My best guess is that most people would consider a language of their ancestors.  If they came from Poland, then Polish might be their first choice.  In a city like Chicago, with a large population of Polish immigrants and descendants, this would make perfect sense.  If you have a relative that speaks the language, wouldn’t you be pleased to speak to them in their own language?  Your Polish grandmother would be so proud, and you, of course, would take great joy in this.

My elementary school was largely populated by kids of Irish descendent.  The Irish priests and an Irish American Bishop, who was also pastor, of course attracted a large student body made up of blond and red-haired children.  I can not say I ever heard any Gaelic, however.  I suppose some spoke it.  Many had a brogue so thick, I could not understand them.  Still, I can not say I was interested in knowing Irish language.

For much of my life, I lived in a German American neighborhood.  My maternal grandmother spoke German and would sometimes gossip (I thought it was gossip, anyway) with other old German-speaking neighbors.  The parish we lived in after the grade school years, was largely German American.  It was started by German immigrants who built the church.  For decades there was a mass in German.  I thought it would be cool to know this language, especially years later.  I was encouraged to take Latin in high school, however.

This proved to be a big disappointment as we grew up and took part in German fests.  There was Mai Fest and Oktoberfest and Rosenmontag and more feasts then you can imagine.  We learned songs in German and sang along at dances, festivals and anywhere a band was playing.  Unfortunately, my conversation was limited to Guten Tag, Auf Wiedersehen und zwei Bier bitte!

Sprechen sie Deutsch?
Sprechen sie Deutsch?

Years later as many Hispanic groups arrived and there were many more Spanish speakers, it seemed to me that learning Spanish would make far more sense.  The old Germans I knew were dying out, my grandmother was gone and I had less occasion to speak German.

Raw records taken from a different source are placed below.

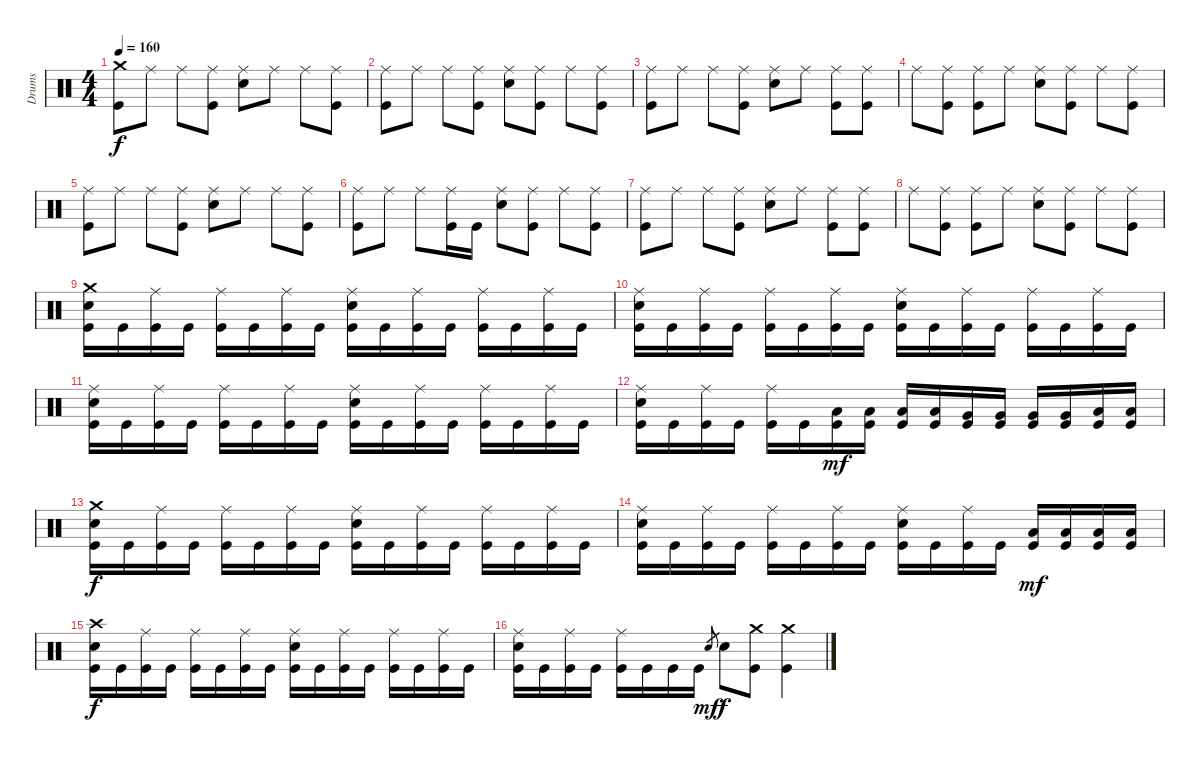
\track ("Drums" "Drums") {instrument percussion}
\staff {score}
\articulation defaults
\ts (4 4)
\tempo 160
\clef neutral
\ks c
("Crash medium (hit)" "Kick (hit)").8{dy f} "Ride (middle)".8 "Ride (middle)".8 ("Ride (middle)" "Kick (hit)").8 ("Ride (middle)" "Snare (hit) 2").8 "Ride (middle)".8 "Ride (middle)".8 ("Ride (middle)" "Kick (hit)").8 |
("Ride (middle)" "Kick (hit)").8 "Ride (middle)".8 "Ride (middle)".8 ("Ride (middle)" "Kick (hit)").8 ("Ride (middle)" "Snare (hit) 2").8 ("Ride (middle)" "Kick (hit)").8 "Ride (middle)".8 ("Ride (middle)" "Kick (hit)").8 |
("Ride (middle)" "Kick (hit)").8 "Ride (middle)".8 "Ride (middle)".8 ("Ride (middle)" "Kick (hit)").8 ("Ride (middle)" "Snare (hit) 2").8 "Ride (middle)".8 ("Ride (middle)" "Kick (hit)").8 ("Ride (middle)" "Kick (hit)").8 |
"Ride (middle)".8 ("Ride (middle)" "Kick (hit)").8 ("Ride (middle)" "Kick (hit)").8 "Ride (middle)".8 ("Ride (middle)" "Snare (hit) 2").8 ("Ride (middle)" "Kick (hit)").8 "Ride (middle)".8 ("Ride (middle)" "Kick (hit)").8 |
("Ride (middle)" "Kick (hit)").8 "Ride (middle)".8 "Ride (middle)".8 ("Ride (middle)" "Kick (hit)").8 ("Ride (middle)" "Snare (hit) 2").8 "Ride (middle)".8 "Ride (middle)".8 ("Ride (middle)" "Kick (hit)").8 |
("Ride (middle)" "Kick (hit)").8 "Ride (middle)".8 "Ride (middle)".8 ("Ride (middle)" "Kick (hit)").16 "Kick (hit)".16 ("Ride (middle)" "Snare (hit) 2").8 ("Ride (middle)" "Kick (hit)").8 "Ride (middle)".8 ("Ride (middle)" "Kick (hit)").8 |
("Ride (middle)" "Kick (hit)").8 "Ride (middle)".8 "Ride (middle)".8 ("Ride (middle)" "Kick (hit)").8 ("Ride (middle)" "Snare (hit) 2").8 "Ride (middle)".8 ("Ride (middle)" "Kick (hit)").8 ("Ride (middle)" "Kick (hit)").8 |
"Ride (middle)".8 ("Ride (middle)" "Kick (hit)").8 ("Ride (middle)" "Kick (hit)").8 "Ride (middle)".8 ("Ride (middle)" "Snare (hit) 2").8 ("Ride (middle)" "Kick (hit)").8 "Ride (middle)".8 ("Ride (middle)" "Kick (hit)").8 |
("Crash medium (hit)" "Snare (hit) 2" "Kick (hit)").16 "Kick (hit)".16 ("Ride (middle)" "Kick (hit)").16 "Kick (hit)".16 ("Ride (middle)" "Kick (hit)").16 "Kick (hit)".16 ("Ride (middle)" "Kick (hit)").16 "Kick (hit)".16 ("Ride (middle)" "Snare (hit) 2" "Kick (hit)").16 "Kick (hit)".16 ("Ride (middle)" "Kick (hit)").16 "Kick (hit)".16 ("Ride (middle)" "Kick (hit)").16 "Kick (hit)".16 ("Ride (middle)" "Kick (hit)").16 "Kick (hit)".16 |
("Ride (middle)" "Snare (hit) 2" "Kick (hit)").16 "Kick (hit)".16 ("Ride (middle)" "Kick (hit)").16 "Kick (hit)".16 ("Ride (middle)" "Kick (hit)").16 "Kick (hit)".16 ("Ride (middle)" "Kick (hit)").16 "Kick (hit)".16 ("Ride (middle)" "Snare (hit) 2" "Kick (hit)").16 "Kick (hit)".16 ("Ride (middle)" "Kick (hit)").16 "Kick (hit)".16 ("Ride (middle)" "Kick (hit)").16 "Kick (hit)".16 ("Ride (middle)" "Kick (hit)").16 "Kick (hit)".16 |
("Ride (middle)" "Snare (hit) 2" "Kick (hit)").16 "Kick (hit)".16 ("Ride (middle)" "Kick (hit)").16 "Kick (hit)".16 ("Ride (middle)" "Kick (hit)").16 "Kick (hit)".16 ("Ride (middle)" "Kick (hit)").16 "Kick (hit)".16 ("Ride (middle)" "Snare (hit) 2" "Kick (hit)").16 "Kick (hit)".16 ("Ride (middle)" "Kick (hit)").16 "Kick (hit)".16 ("Ride (middle)" "Kick (hit)").16 "Kick (hit)".16 ("Ride (middle)" "Kick (hit)").16 "Kick (hit)".16 |
("Ride (middle)" "Snare (hit) 2" "Kick (hit)").16 "Kick (hit)".16 ("Ride (middle)" "Kick (hit)").16 "Kick (hit)".16 ("Ride (middle)" "Kick (hit)").16 "Kick (hit)".16 ("Low Tom (hit)" "Kick (hit)").16{dy mf} ("Low Tom (hit)" "Kick (hit)").16 ("Low Tom (hit)" "Kick (hit)").16 ("Low Tom (hit)" "Kick (hit)").16 ("Very Low Tom (hit)" "Kick (hit)").16 ("Very Low Tom (hit)" "Kick (hit)").16 ("Very Low Tom (hit)" "Kick (hit)").16 ("Very Low Tom (hit)" "Kick (hit)").16 ("Low Floor Tom (hit)" "Kick (hit)").16 ("Low Floor Tom (hit)" "Kick (hit)").16 |
("Crash medium (hit)" "Snare (hit) 2" "Kick (hit)").16{dy f} "Kick (hit)".16 ("Ride (middle)" "Kick (hit)").16 "Kick (hit)".16 ("Ride (middle)" "Kick (hit)").16 "Kick (hit)".16 ("Ride (middle)" "Kick (hit)").16 "Kick (hit)".16 ("Ride (middle)" "Snare (hit) 2" "Kick (hit)").16 "Kick (hit)".16 ("Ride (middle)" "Kick (hit)").16 "Kick (hit)".16 ("Ride (middle)" "Kick (hit)").16 "Kick (hit)".16 ("Ride (middle)" "Kick (hit)").16 "Kick (hit)".16 |
("Ride (middle)" "Snare (hit) 2" "Kick (hit)").16 "Kick (hit)".16 ("Ride (middle)" "Kick (hit)").16 "Kick (hit)".16 ("Ride (middle)" "Kick (hit)").16 "Kick (hit)".16 ("Ride (middle)" "Kick (hit)").16 "Kick (hit)".16 ("Ride (middle)" "Snare (hit) 2" "Kick (hit)").16 "Kick (hit)".16 ("Ride (middle)" "Kick (hit)").16 "Kick (hit)".16 ("Low Floor Tom (hit)" "Kick (hit)").16{dy mf} ("Low Floor Tom (hit)" "Kick (hit)").16 ("Low Floor Tom (hit)" "Kick (hit)").16 ("Low Floor Tom (hit)" "Kick (hit)").16 |
("Crash high (hit)" "Snare (hit) 2" "Kick (hit)").16{dy f} "Kick (hit)".16 ("Ride (middle)" "Kick (hit)").16 "Kick (hit)".16 ("Ride (middle)" "Kick (hit)").16 "Kick (hit)".16 ("Ride (middle)" "Kick (hit)").16 "Kick (hit)".16 ("Ride (middle)" "Snare (hit) 2" "Kick (hit)").16 "Kick (hit)".16 ("Ride (middle)" "Kick (hit)").16 "Kick (hit)".16 ("Ride (middle)" "Kick (hit)").16 "Kick (hit)".16 ("Ride (middle)" "Kick (hit)").16 "Kick (hit)".16 |
("Ride (middle)" "Snare (hit) 2" "Kick (hit)").16 "Kick (hit)".16 ("Ride (middle)" "Kick (hit)").16 "Kick (hit)".16 ("Ride (middle)" "Kick (hit)").16 "Kick (hit)".16 "Kick (hit)".16 "Kick (hit)".16 "Snare (hit) 2".8{gr dy mf} "Snare (hit) 2".8{dy f} ("Crash medium (hit)" "Kick (hit)").8 ("Crash medium (hit)" "Kick (hit)").4
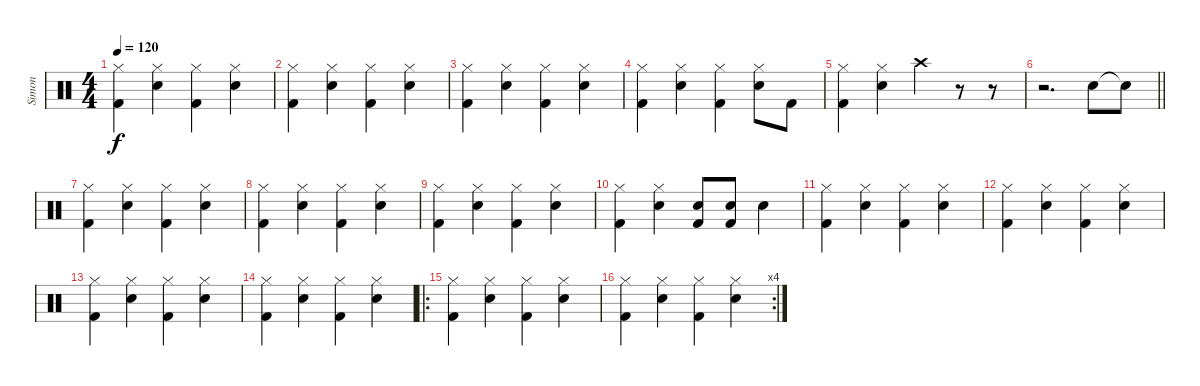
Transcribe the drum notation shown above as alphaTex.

\track ("Simon" "Simon") {instrument percussion}
\staff {score}
\articulation defaults
\ts (4 4)
\tempo 120
\clef neutral
\ks c
("Hi-Hat (closed)" "Kick (hit) 2").4{dy f} ("Hi-Hat (closed)" "Electric Snare (hit)").4 ("Hi-Hat (closed)" "Kick (hit) 2").4 ("Hi-Hat (closed)" "Electric Snare (hit)").4 |
("Hi-Hat (closed)" "Kick (hit) 2").4 ("Hi-Hat (closed)" "Electric Snare (hit)").4 ("Hi-Hat (closed)" "Kick (hit) 2").4 ("Hi-Hat (closed)" "Electric Snare (hit)").4 |
("Hi-Hat (closed)" "Kick (hit) 2").4 ("Hi-Hat (closed)" "Electric Snare (hit)").4 ("Hi-Hat (closed)" "Kick (hit) 2").4 ("Hi-Hat (closed)" "Electric Snare (hit)").4 |
("Hi-Hat (closed)" "Kick (hit) 2").4 ("Hi-Hat (closed)" "Electric Snare (hit)").4 ("Hi-Hat (closed)" "Kick (hit) 2").4 ("Hi-Hat (closed)" "Electric Snare (hit)").8 "Kick (hit) 2".8 |
("Hi-Hat (closed)" "Kick (hit) 2").4 ("Hi-Hat (closed)" "Electric Snare (hit)").4 "Crash high (hit)".4 r.8 r.8 |
\barLineRight lightlight
r.2{d} "Snare (hit) 2".8 "Snare (hit) 2"{t}.8 |
("Hi-Hat (closed)" "Kick (hit) 2").4 ("Hi-Hat (closed)" "Electric Snare (hit)").4 ("Hi-Hat (closed)" "Kick (hit) 2").4 ("Hi-Hat (closed)" "Electric Snare (hit)").4 |
("Hi-Hat (closed)" "Kick (hit) 2").4 ("Hi-Hat (closed)" "Electric Snare (hit)").4 ("Hi-Hat (closed)" "Kick (hit) 2").4 ("Hi-Hat (closed)" "Electric Snare (hit)").4 |
("Hi-Hat (closed)" "Kick (hit) 2").4 ("Hi-Hat (closed)" "Electric Snare (hit)").4 ("Hi-Hat (closed)" "Kick (hit) 2").4 ("Hi-Hat (closed)" "Electric Snare (hit)").4 |
("Hi-Hat (closed)" "Kick (hit) 2").4 ("Hi-Hat (closed)" "Electric Snare (hit)").4 ("Electric Snare (hit)" "Kick (hit) 2").8 ("Electric Snare (hit)" "Kick (hit) 2").8 "Electric Snare (hit)".4 |
("Hi-Hat (closed)" "Kick (hit) 2").4 ("Hi-Hat (closed)" "Electric Snare (hit)").4 ("Hi-Hat (closed)" "Kick (hit) 2").4 ("Hi-Hat (closed)" "Electric Snare (hit)").4 |
("Hi-Hat (closed)" "Kick (hit) 2").4 ("Hi-Hat (closed)" "Electric Snare (hit)").4 ("Hi-Hat (closed)" "Kick (hit) 2").4 ("Hi-Hat (closed)" "Electric Snare (hit)").4 |
("Hi-Hat (closed)" "Kick (hit) 2").4 ("Hi-Hat (closed)" "Electric Snare (hit)").4 ("Hi-Hat (closed)" "Kick (hit) 2").4 ("Hi-Hat (closed)" "Electric Snare (hit)").4 |
("Hi-Hat (closed)" "Kick (hit) 2").4 ("Hi-Hat (closed)" "Electric Snare (hit)").4 ("Hi-Hat (closed)" "Kick (hit) 2").4 ("Hi-Hat (closed)" "Electric Snare (hit)").4 |
\ro
("Hi-Hat (closed)" "Kick (hit) 2").4 ("Hi-Hat (closed)" "Electric Snare (hit)").4 ("Hi-Hat (closed)" "Kick (hit) 2").4 ("Hi-Hat (closed)" "Electric Snare (hit)").4 |
\rc 4
("Hi-Hat (closed)" "Kick (hit) 2").4 ("Hi-Hat (closed)" "Electric Snare (hit)").4 ("Hi-Hat (closed)" "Kick (hit) 2").4 ("Hi-Hat (closed)" "Electric Snare (hit)").4
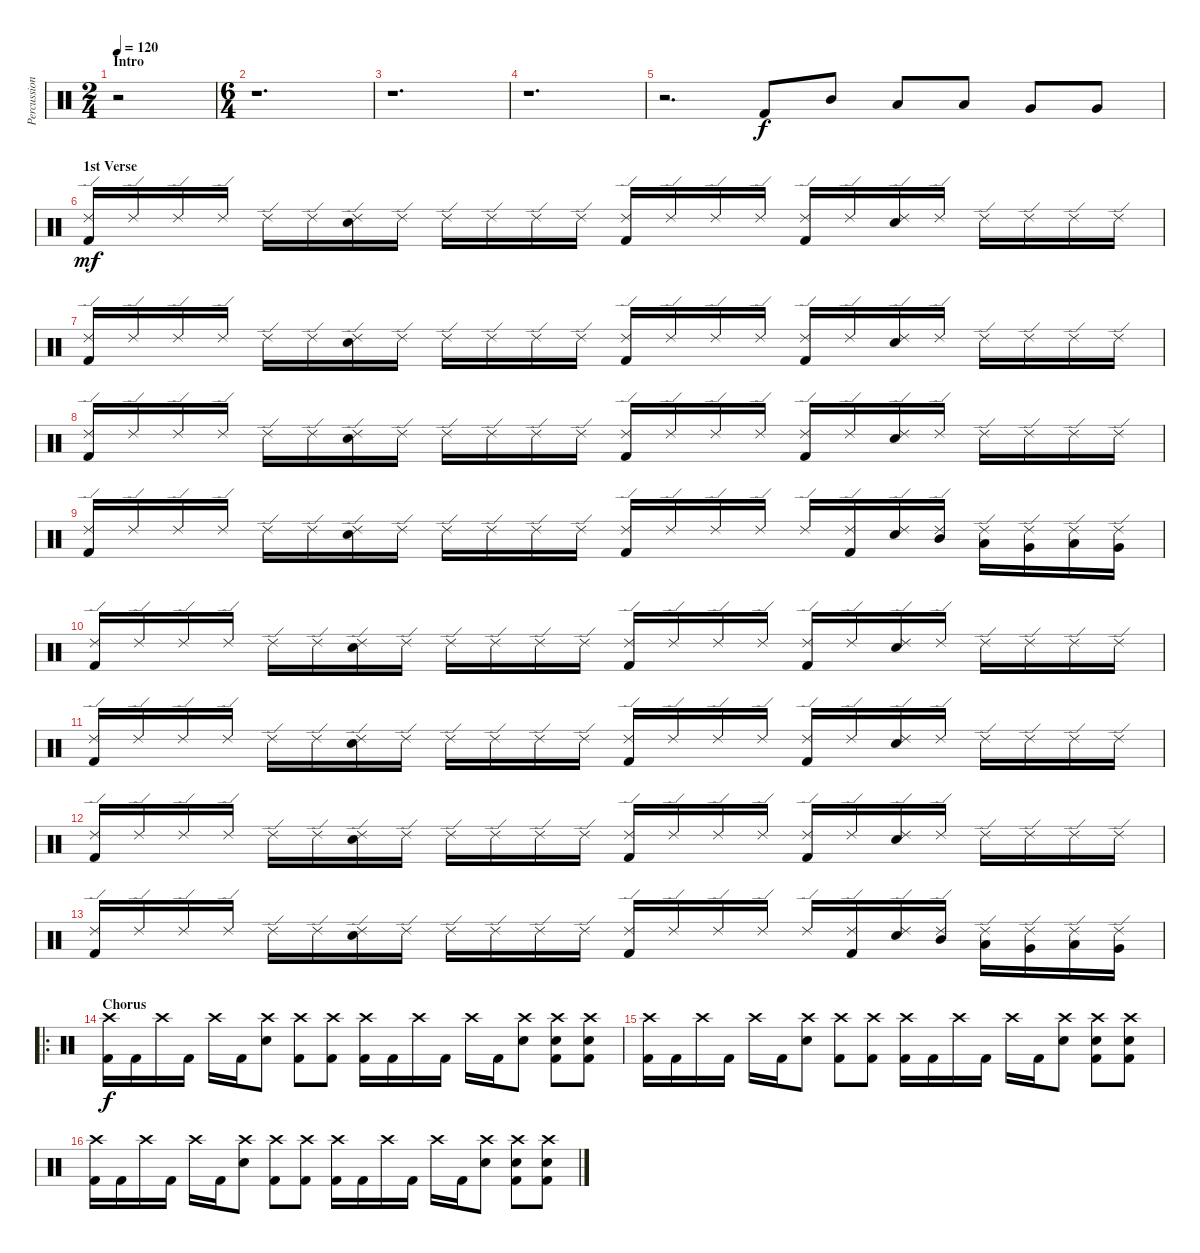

Now there is a large Spanish population from Puerto Rico, Mexico and a variety of Spanish-speaking countries.  I have neighbors from Guatemala and Colombia nearby.  There are ethnic restaurants all around and in the summer, Spanish music fills the air in our area of the city.  There are so many cultures I could learn, if I just knew this one language. It seems like a logical choice.

What is the second language of your community?  Is there even a second language?  Perhaps you are in an area where you only hear English and there is no immigrant population or descendants to pass along another language.  Even if this is so, would it not be great to learn another language and travel to countries where this language is spoken.

In recent years, the desire to automatically know German, Spanish or even Polish have given way to another.  All of the above would be interesting and certainly useful. Whether I would travel to countries where these languages were spoken, or use them right here in our local communities, I still have a different interest in a language. I would never have thought to learn it just a decade ago.  Friendship has become the determining factor, however.

A previous job of mine brought in interns from other countries, particularly France.  As a result I made a number of friends from France, and I even got to know other friends and family members of these co-workers.  It was not just that I learned some of the culture.  Yes, we went to French restaurants and talked about their local communities.  Of course, we talked French politics and sports.  Indeed I learned about the regions that were home to many of my young French colleagues.  But in the process, something important happened.

This way?
This way?

Now one of my best friends in the world is a Frenchman.  We have gone on many adventures here and in Europe.  I have visited his home and the home of his parents.  We have visited all across Alsace.  For eight years, France has been on my vacation list.  It turns out that the language I would like to know tomorrow when I wake up is French.  It is not about the neighborhood I live in, the ancestors I have, or the neighbors that have recently moved in.  It is not about my grandmother.  It is not about a particular parish.  It is not about countries I may someday visit.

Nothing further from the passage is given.